*INPUT MATERIAL*

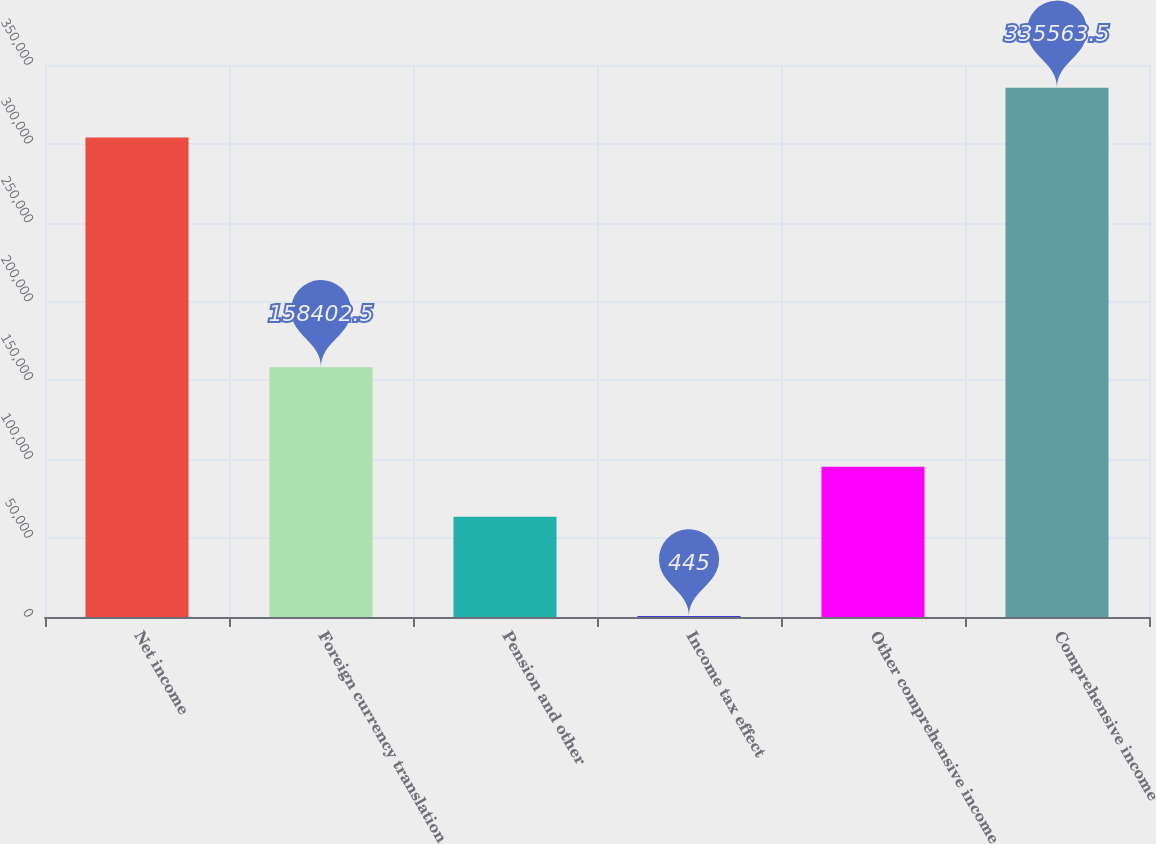Convert chart to OTSL. <chart><loc_0><loc_0><loc_500><loc_500><bar_chart><fcel>Net income<fcel>Foreign currency translation<fcel>Pension and other<fcel>Income tax effect<fcel>Other comprehensive income<fcel>Comprehensive income<nl><fcel>303972<fcel>158402<fcel>63628<fcel>445<fcel>95219.5<fcel>335564<nl></chart> 
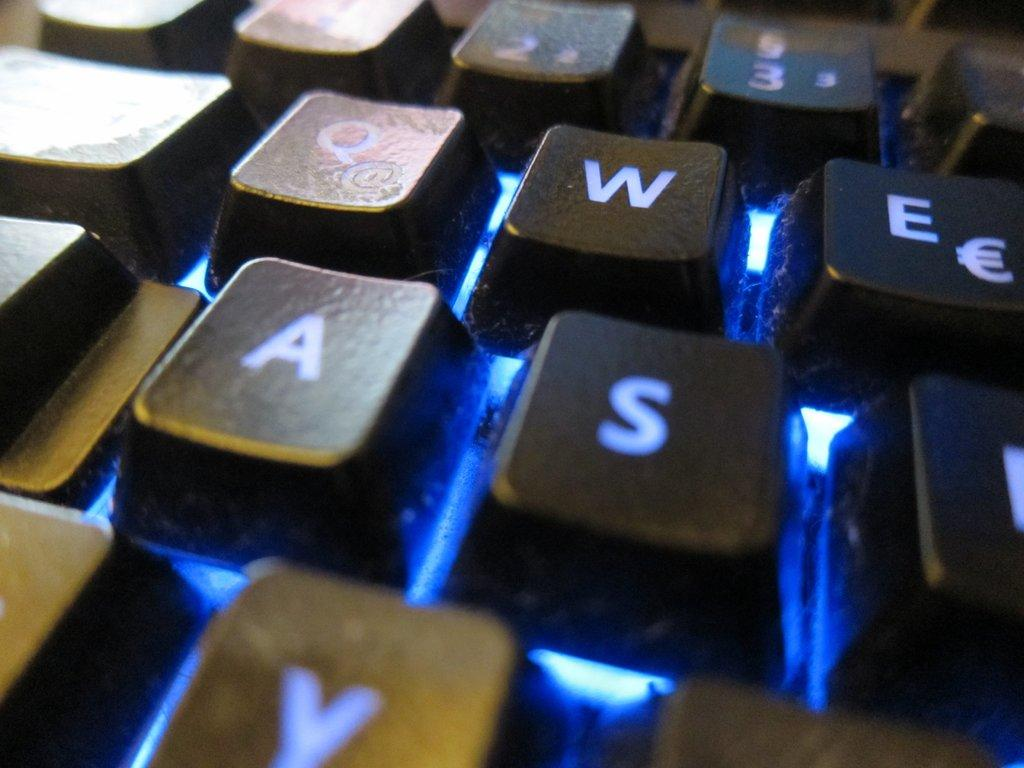<image>
Write a terse but informative summary of the picture. Buttons of a keyboard where you can see the letters Q, W, E, A and S. 
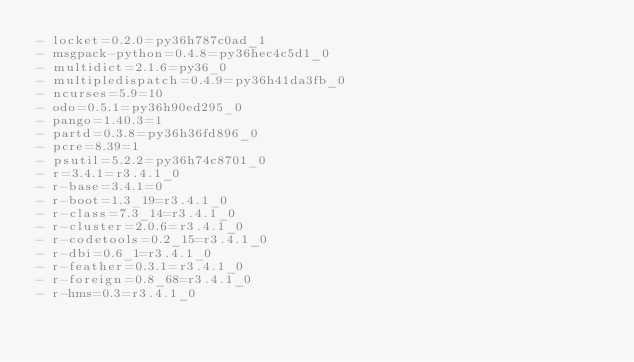Convert code to text. <code><loc_0><loc_0><loc_500><loc_500><_YAML_>- locket=0.2.0=py36h787c0ad_1
- msgpack-python=0.4.8=py36hec4c5d1_0
- multidict=2.1.6=py36_0
- multipledispatch=0.4.9=py36h41da3fb_0
- ncurses=5.9=10
- odo=0.5.1=py36h90ed295_0
- pango=1.40.3=1
- partd=0.3.8=py36h36fd896_0
- pcre=8.39=1
- psutil=5.2.2=py36h74c8701_0
- r=3.4.1=r3.4.1_0
- r-base=3.4.1=0
- r-boot=1.3_19=r3.4.1_0
- r-class=7.3_14=r3.4.1_0
- r-cluster=2.0.6=r3.4.1_0
- r-codetools=0.2_15=r3.4.1_0
- r-dbi=0.6_1=r3.4.1_0
- r-feather=0.3.1=r3.4.1_0
- r-foreign=0.8_68=r3.4.1_0
- r-hms=0.3=r3.4.1_0</code> 
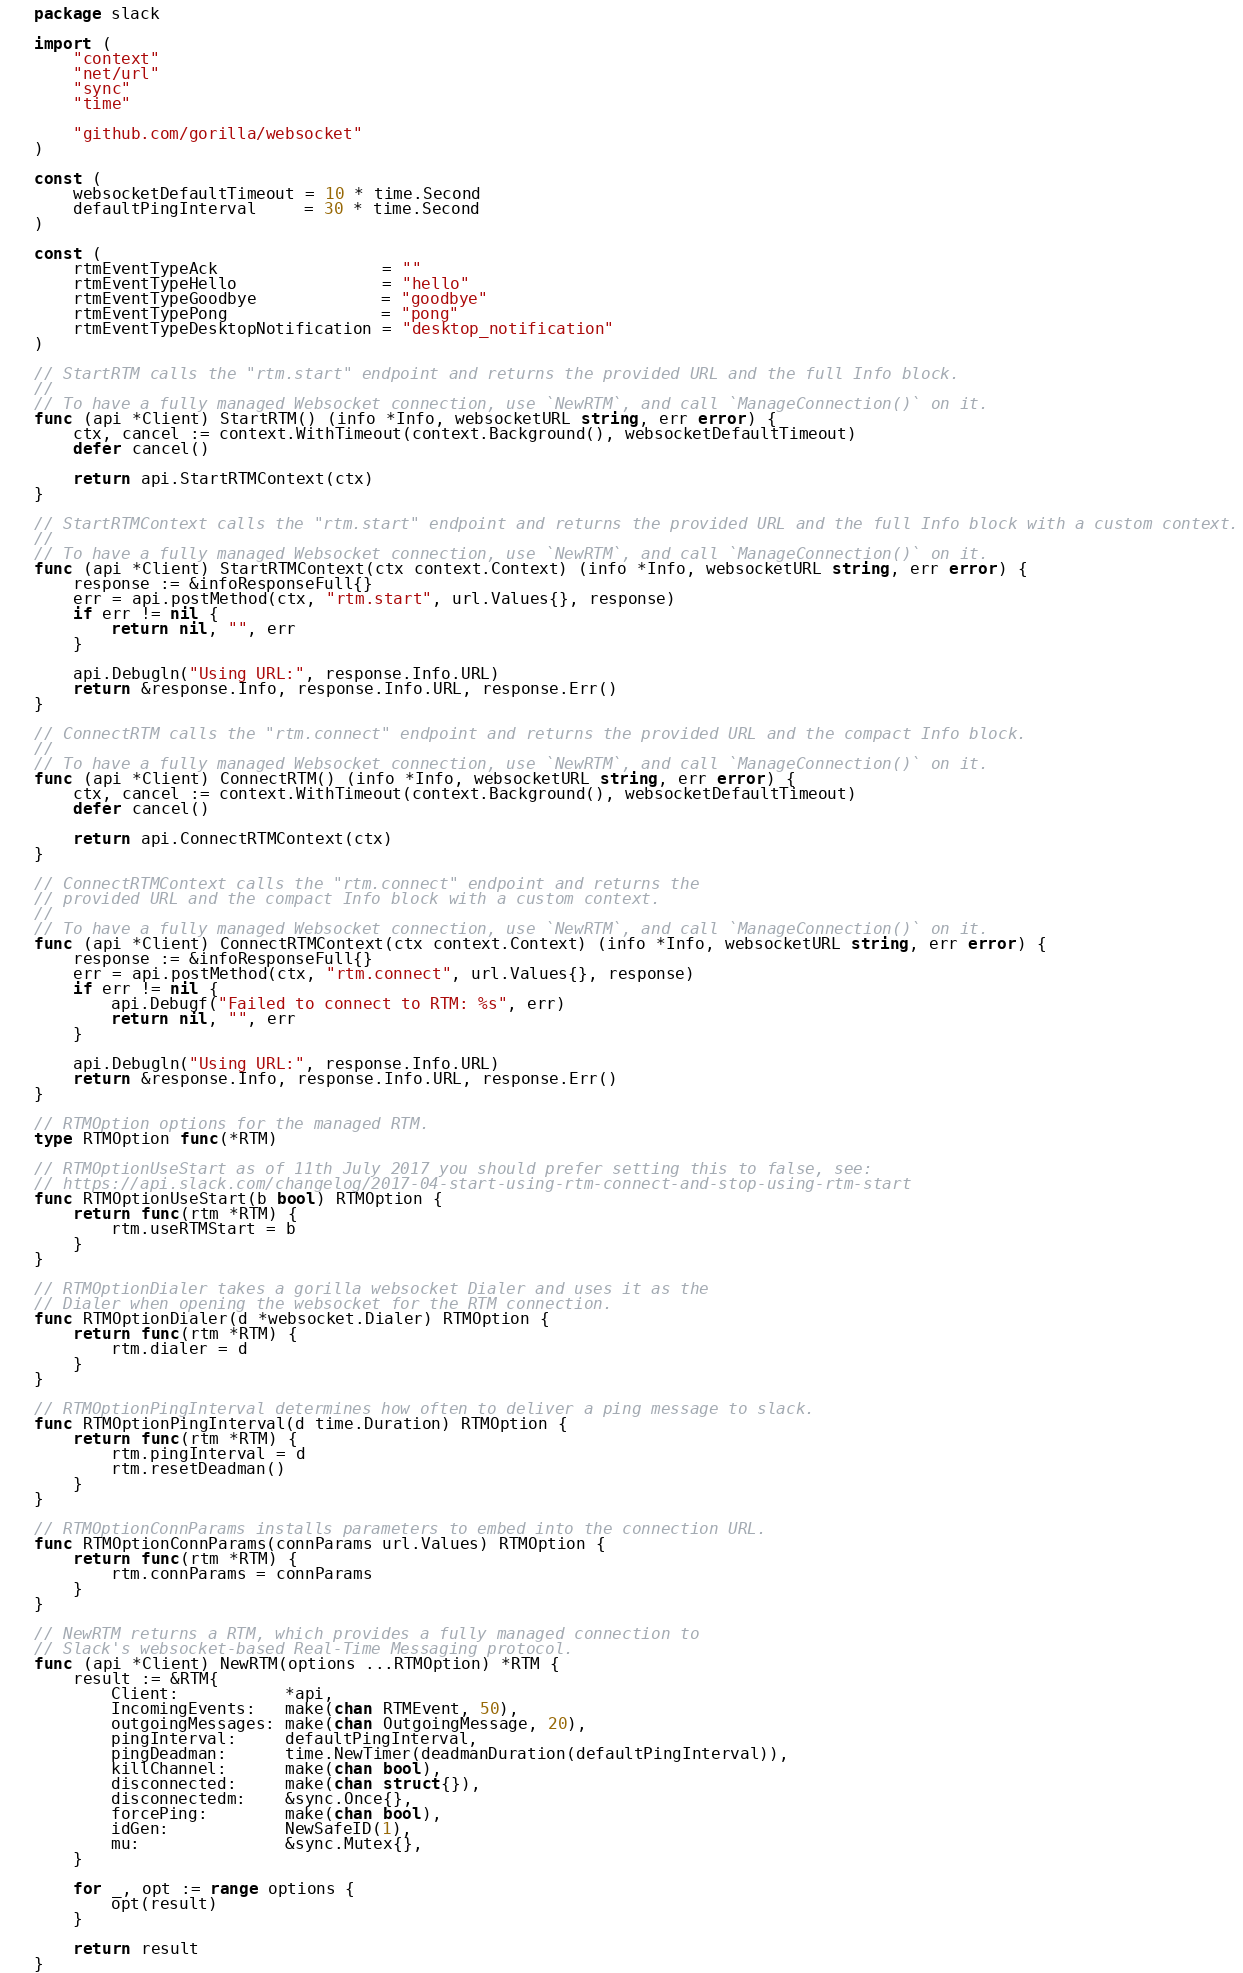Convert code to text. <code><loc_0><loc_0><loc_500><loc_500><_Go_>package slack

import (
	"context"
	"net/url"
	"sync"
	"time"

	"github.com/gorilla/websocket"
)

const (
	websocketDefaultTimeout = 10 * time.Second
	defaultPingInterval     = 30 * time.Second
)

const (
	rtmEventTypeAck                 = ""
	rtmEventTypeHello               = "hello"
	rtmEventTypeGoodbye             = "goodbye"
	rtmEventTypePong                = "pong"
	rtmEventTypeDesktopNotification = "desktop_notification"
)

// StartRTM calls the "rtm.start" endpoint and returns the provided URL and the full Info block.
//
// To have a fully managed Websocket connection, use `NewRTM`, and call `ManageConnection()` on it.
func (api *Client) StartRTM() (info *Info, websocketURL string, err error) {
	ctx, cancel := context.WithTimeout(context.Background(), websocketDefaultTimeout)
	defer cancel()

	return api.StartRTMContext(ctx)
}

// StartRTMContext calls the "rtm.start" endpoint and returns the provided URL and the full Info block with a custom context.
//
// To have a fully managed Websocket connection, use `NewRTM`, and call `ManageConnection()` on it.
func (api *Client) StartRTMContext(ctx context.Context) (info *Info, websocketURL string, err error) {
	response := &infoResponseFull{}
	err = api.postMethod(ctx, "rtm.start", url.Values{}, response)
	if err != nil {
		return nil, "", err
	}

	api.Debugln("Using URL:", response.Info.URL)
	return &response.Info, response.Info.URL, response.Err()
}

// ConnectRTM calls the "rtm.connect" endpoint and returns the provided URL and the compact Info block.
//
// To have a fully managed Websocket connection, use `NewRTM`, and call `ManageConnection()` on it.
func (api *Client) ConnectRTM() (info *Info, websocketURL string, err error) {
	ctx, cancel := context.WithTimeout(context.Background(), websocketDefaultTimeout)
	defer cancel()

	return api.ConnectRTMContext(ctx)
}

// ConnectRTMContext calls the "rtm.connect" endpoint and returns the
// provided URL and the compact Info block with a custom context.
//
// To have a fully managed Websocket connection, use `NewRTM`, and call `ManageConnection()` on it.
func (api *Client) ConnectRTMContext(ctx context.Context) (info *Info, websocketURL string, err error) {
	response := &infoResponseFull{}
	err = api.postMethod(ctx, "rtm.connect", url.Values{}, response)
	if err != nil {
		api.Debugf("Failed to connect to RTM: %s", err)
		return nil, "", err
	}

	api.Debugln("Using URL:", response.Info.URL)
	return &response.Info, response.Info.URL, response.Err()
}

// RTMOption options for the managed RTM.
type RTMOption func(*RTM)

// RTMOptionUseStart as of 11th July 2017 you should prefer setting this to false, see:
// https://api.slack.com/changelog/2017-04-start-using-rtm-connect-and-stop-using-rtm-start
func RTMOptionUseStart(b bool) RTMOption {
	return func(rtm *RTM) {
		rtm.useRTMStart = b
	}
}

// RTMOptionDialer takes a gorilla websocket Dialer and uses it as the
// Dialer when opening the websocket for the RTM connection.
func RTMOptionDialer(d *websocket.Dialer) RTMOption {
	return func(rtm *RTM) {
		rtm.dialer = d
	}
}

// RTMOptionPingInterval determines how often to deliver a ping message to slack.
func RTMOptionPingInterval(d time.Duration) RTMOption {
	return func(rtm *RTM) {
		rtm.pingInterval = d
		rtm.resetDeadman()
	}
}

// RTMOptionConnParams installs parameters to embed into the connection URL.
func RTMOptionConnParams(connParams url.Values) RTMOption {
	return func(rtm *RTM) {
		rtm.connParams = connParams
	}
}

// NewRTM returns a RTM, which provides a fully managed connection to
// Slack's websocket-based Real-Time Messaging protocol.
func (api *Client) NewRTM(options ...RTMOption) *RTM {
	result := &RTM{
		Client:           *api,
		IncomingEvents:   make(chan RTMEvent, 50),
		outgoingMessages: make(chan OutgoingMessage, 20),
		pingInterval:     defaultPingInterval,
		pingDeadman:      time.NewTimer(deadmanDuration(defaultPingInterval)),
		killChannel:      make(chan bool),
		disconnected:     make(chan struct{}),
		disconnectedm:    &sync.Once{},
		forcePing:        make(chan bool),
		idGen:            NewSafeID(1),
		mu:               &sync.Mutex{},
	}

	for _, opt := range options {
		opt(result)
	}

	return result
}
</code>

*TASK OBJECTIVE*
Which lines in the material contain the word "Second"? Pull each of them out.

*REPLY TO THE TASK*
	websocketDefaultTimeout = 10 * time.Second
	defaultPingInterval     = 30 * time.Second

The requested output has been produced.